◆ Records provided:
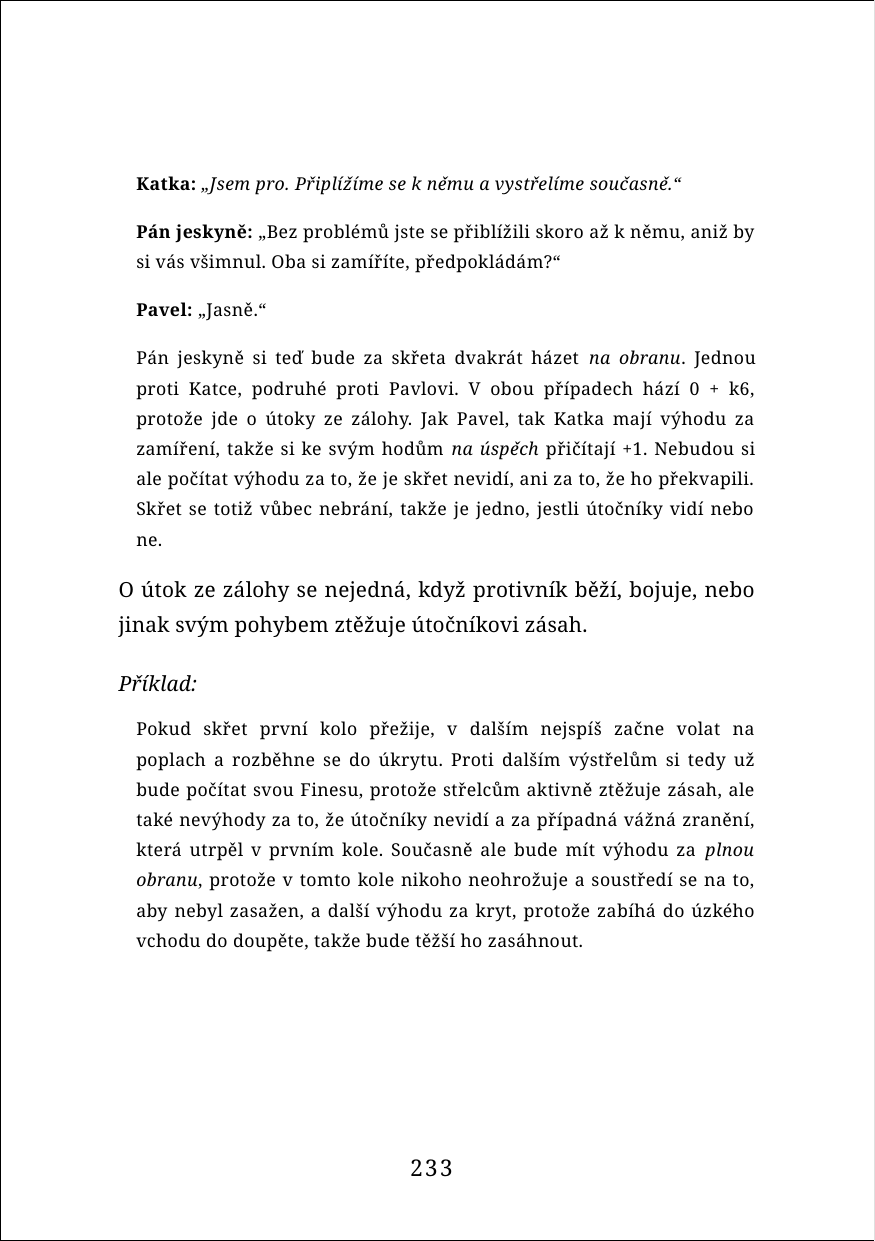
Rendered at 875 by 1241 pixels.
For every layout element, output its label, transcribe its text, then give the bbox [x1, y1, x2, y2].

text Pavel: „Jasně.“ [136, 298, 756, 322]
text Pán jeskyně si teď bude za skřeta dvakrát házet na obranu. Jednou proti Katce, podruhé proti Pavlovi. V obou případech hází 0 + k6, protože jde o útoky ze zálohy. Jak Pavel, tak Katka mají výhodu za zamíření, takže si ke svým hodům na úspěch přičítají +1. Nebudou si ale počítat výhodu za to, že je skřet nevidí, ani za to, že ho překvapili. Skřet se totiž vůbec nebrání, takže je jedno, jestli útočníky vidí nebo ne. [136, 346, 756, 551]
text O útok ze zálohy se nejedná, když protivník běží, bojuje, nebo jinak svým pohybem ztěžuje útočníkovi zásah. [118, 575, 756, 639]
text Příklad: [118, 669, 756, 698]
text Katka: „Jsem pro. Připlížíme se k němu a vystřelíme současně.“ [136, 172, 756, 196]
text Pán jeskyně: „Bez problémů jste se přiblížili skoro až k němu, aniž by si vás všimnul. Oba si zamíříte, předpokládám?“ [136, 220, 756, 274]
text Pokud skřet první kolo přežije, v dalším nejspíš začne volat na poplach a rozběhne se do úkrytu. Proti dalším výstřelům si tedy už bude počítat svou Finesu, protože střelcům aktivně ztěžuje zásah, ale také nevýhody za to, že útočníky nevidí a za případná vážná zranění, která utrpěl v prvním kole. Současně ale bude mít výhodu za plnou obranu, protože v tomto kole nikoho neohrožuje a soustředí se na to, aby nebyl zasažen, a další výhodu za kryt, protože zabíhá do úzkého vchodu do doupěte, takže bude těžší ho zasáhnout. [136, 717, 756, 952]
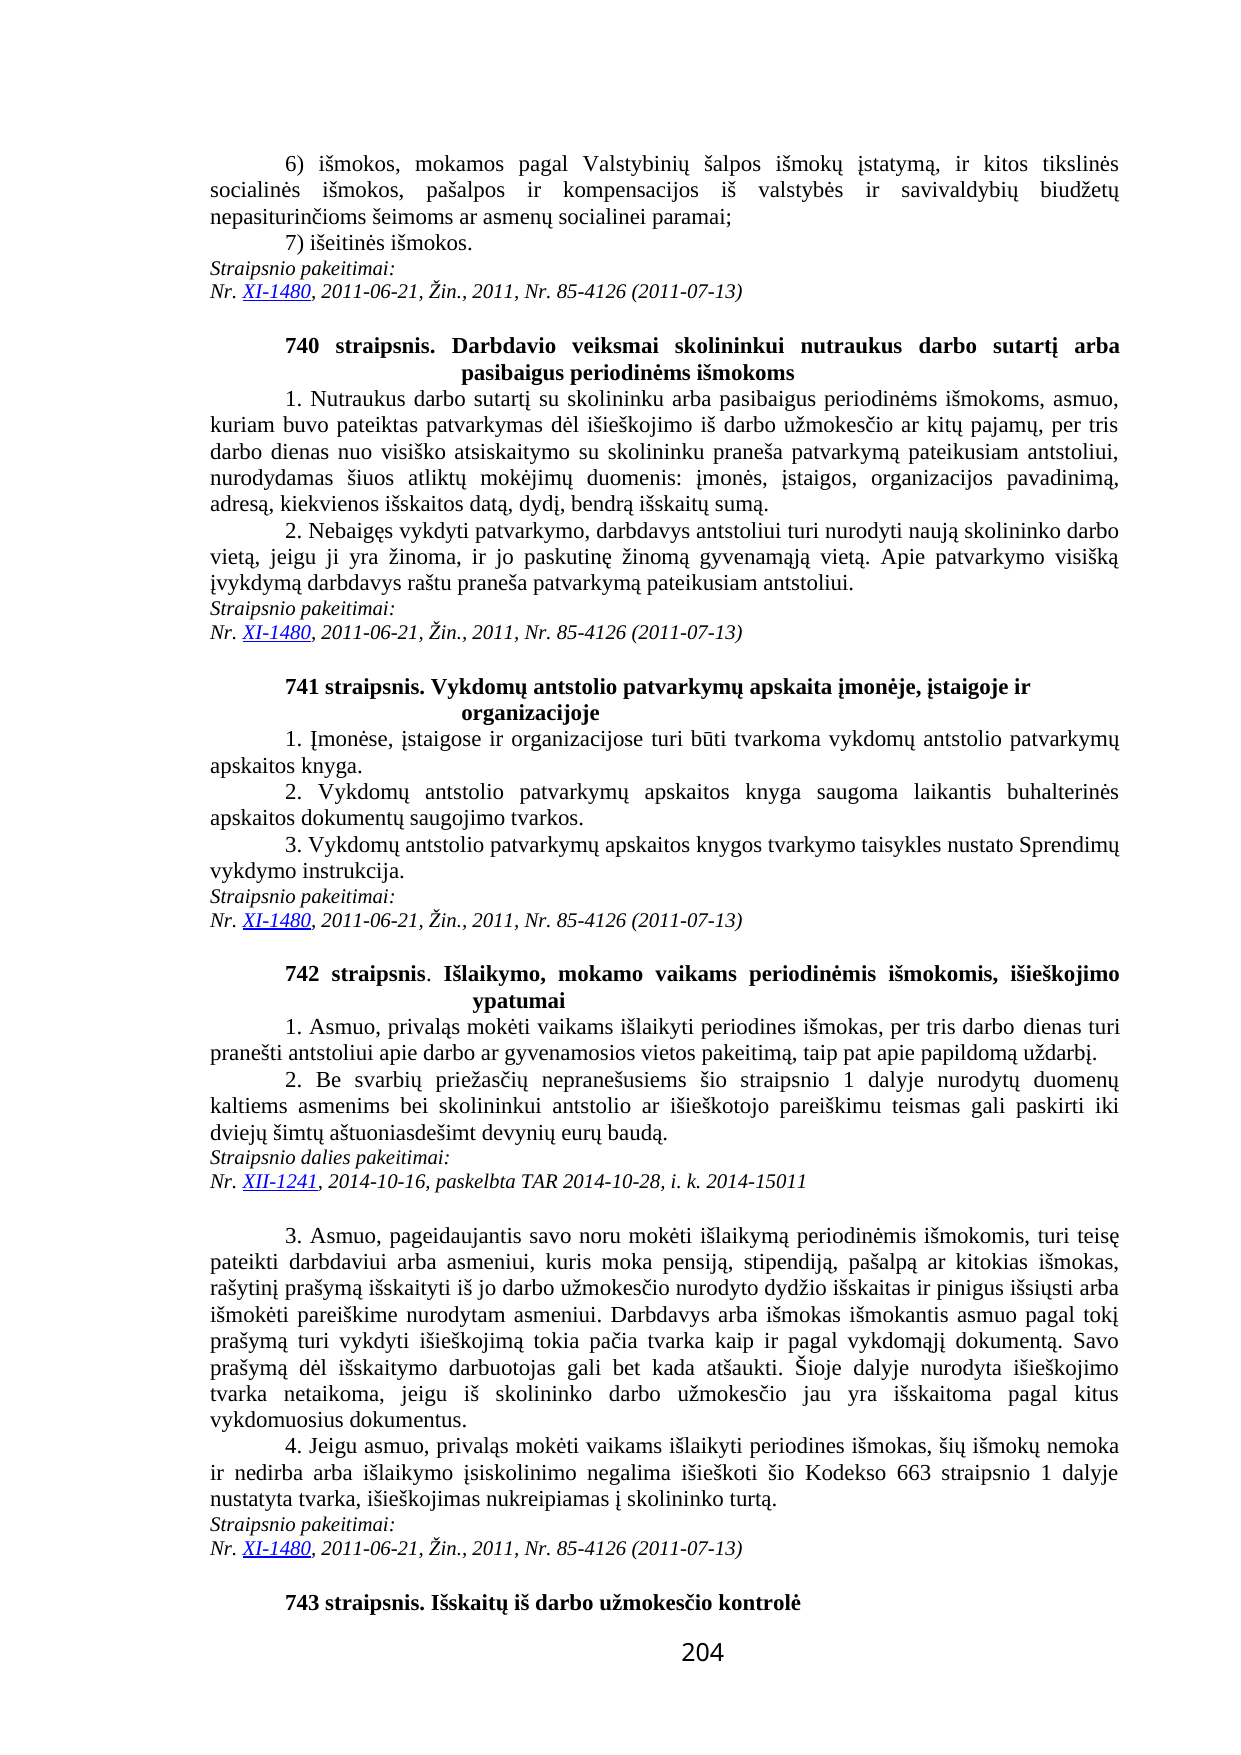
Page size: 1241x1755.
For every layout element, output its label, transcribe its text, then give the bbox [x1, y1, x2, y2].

text 3. Asmuo, pageidaujantis savo noru mokėti išlaikymą periodinėmis išmokomis, turi teisę pateikti darbdaviui arba asmeniui, kuris moka pensiją, stipendiją, pašalpą ar kitokias išmokas, rašytinį prašymą išskaityti iš jo darbo užmokesčio nurodyto dydžio išskaitas ir pinigus išsiųsti arba išmokėti pareiškime nurodytam asmeniui. Darbdavys arba išmokas išmokantis asmuo pagal tokį prašymą turi vykdyti išieškojimą tokia pačia tvarka kaip ir pagal vykdomąjį dokumentą. Savo prašymą dėl išskaitymo darbuotojas gali bet kada atšaukti. Šioje dalyje nurodyta išieškojimo tvarka netaikoma, jeigu iš skolininko darbo užmokesčio jau yra išskaitoma pagal kitus vykdomuosius dokumentus. [210, 1222, 1120, 1433]
text Nr. XI-1480, 2011-06-21, Žin., 2011, Nr. 85-4126 (2011-07-13) [210, 908, 1120, 932]
text Nr. XII-1241, 2014-10-16, paskelbta TAR 2014-10-28, i. k. 2014-15011 [210, 1169, 1120, 1193]
text 2. Vykdomų antstolio patvarkymų apskaitos knyga saugoma laikantis buhalterinės apskaitos dokumentų saugojimo tvarkos. [210, 778, 1120, 831]
text 3. Vykdomų antstolio patvarkymų apskaitos knygos tvarkymo taisykles nustato Sprendimų vykdymo instrukcija. [210, 831, 1120, 883]
text Nr. XI-1480, 2011-06-21, Žin., 2011, Nr. 85-4126 (2011-07-13) [210, 279, 1120, 303]
text 4. Jeigu asmuo, privaląs mokėti vaikams išlaikyti periodines išmokas, šių išmokų nemoka ir nedirba arba išlaikymo įsiskolinimo negalima išieškoti šio Kodekso 663 straipsnio 1 dalyje nustatyta tvarka, išieškojimas nukreipiamas į skolininko turtą. [210, 1433, 1120, 1512]
text 1. Asmuo, privaląs mokėti vaikams išlaikyti periodines išmokas, per tris darbo dienas turi pranešti antstoliui apie darbo ar gyvenamosios vietos pakeitimą, taip pat apie papildomą uždarbį. [210, 1013, 1120, 1066]
text Straipsnio pakeitimai: [210, 596, 1120, 620]
text Straipsnio pakeitimai: [210, 1512, 1120, 1536]
text 741 straipsnis. Vykdomų antstolio patvarkymų apskaita įmonėje, įstaigoje ir organizacijoje [285, 673, 1120, 725]
text 7) išeitinės išmokos. [210, 229, 1120, 255]
text Nr. XI-1480, 2011-06-21, Žin., 2011, Nr. 85-4126 (2011-07-13) [210, 620, 1120, 644]
text 1. Įmonėse, įstaigose ir organizacijose turi būti tvarkoma vykdomų antstolio patvarkymų apskaitos knyga. [210, 725, 1120, 778]
text Straipsnio dalies pakeitimai: [210, 1145, 1120, 1169]
text 1. Nutraukus darbo sutartį su skolininku arba pasibaigus periodinėms išmokoms, asmuo, kuriam buvo pateiktas patvarkymas dėl išieškojimo iš darbo užmokesčio ar kitų pajamų, per tris darbo dienas nuo visiško atsiskaitymo su skolininku praneša patvarkymą pateikusiam antstoliui, nurodydamas šiuos atliktų mokėjimų duomenis: įmonės, įstaigos, organizacijos pavadinimą, adresą, kiekvienos išskaitos datą, dydį, bendrą išskaitų sumą. [210, 385, 1120, 517]
text 2. Nebaigęs vykdyti patvarkymo, darbdavys antstoliui turi nurodyti naują skolininko darbo vietą, jeigu ji yra žinoma, ir jo paskutinę žinomą gyvenamąją vietą. Apie patvarkymo visišką įvykdymą darbdavys raštu praneša patvarkymą pateikusiam antstoliui. [210, 517, 1120, 596]
text 743 straipsnis. Išskaitų iš darbo užmokesčio kontrolė [210, 1588, 1120, 1615]
text 6) išmokos, mokamos pagal Valstybinių šalpos išmokų įstatymą, ir kitos tikslinės socialinės išmokos, pašalpos ir kompensacijos iš valstybės ir savivaldybių biudžetų nepasiturinčioms šeimoms ar asmenų socialinei paramai; [210, 150, 1120, 229]
text Straipsnio pakeitimai: [210, 883, 1120, 908]
text Straipsnio pakeitimai: [210, 255, 1120, 279]
text 742 straipsnis. Išlaikymo, mokamo vaikams periodinėmis išmokomis, išieškojimo ypatumai [285, 960, 1120, 1013]
text 2. Be svarbių priežasčių nepranešusiems šio straipsnio 1 dalyje nurodytų duomenų kaltiems asmenims bei skolininkui antstolio ar išieškotojo pareiškimu teismas gali paskirti iki dviejų šimtų aštuoniasdešimt devynių eurų baudą. [210, 1066, 1120, 1145]
text Nr. XI-1480, 2011-06-21, Žin., 2011, Nr. 85-4126 (2011-07-13) [210, 1536, 1120, 1560]
text 740 straipsnis. Darbdavio veiksmai skolininkui nutraukus darbo sutartį arba pasibaigus periodinėms išmokoms [285, 332, 1120, 385]

◆ What you need to do: Starting from the line that contains "text Straipsnio pakeitimai: [210, 883, 1120, 908]", give again every line to the last line of the data, exactly. Include nothing else.

◆ Solution:
text Straipsnio pakeitimai: [210, 883, 1120, 908]
text Straipsnio pakeitimai: [210, 255, 1120, 279]
text 742 straipsnis. Išlaikymo, mokamo vaikams periodinėmis išmokomis, išieškojimo ypatumai [285, 960, 1120, 1013]
text 2. Be svarbių priežasčių nepranešusiems šio straipsnio 1 dalyje nurodytų duomenų kaltiems asmenims bei skolininkui antstolio ar išieškotojo pareiškimu teismas gali paskirti iki dviejų šimtų aštuoniasdešimt devynių eurų baudą. [210, 1066, 1120, 1145]
text Nr. XI-1480, 2011-06-21, Žin., 2011, Nr. 85-4126 (2011-07-13) [210, 1536, 1120, 1560]
text 740 straipsnis. Darbdavio veiksmai skolininkui nutraukus darbo sutartį arba pasibaigus periodinėms išmokoms [285, 332, 1120, 385]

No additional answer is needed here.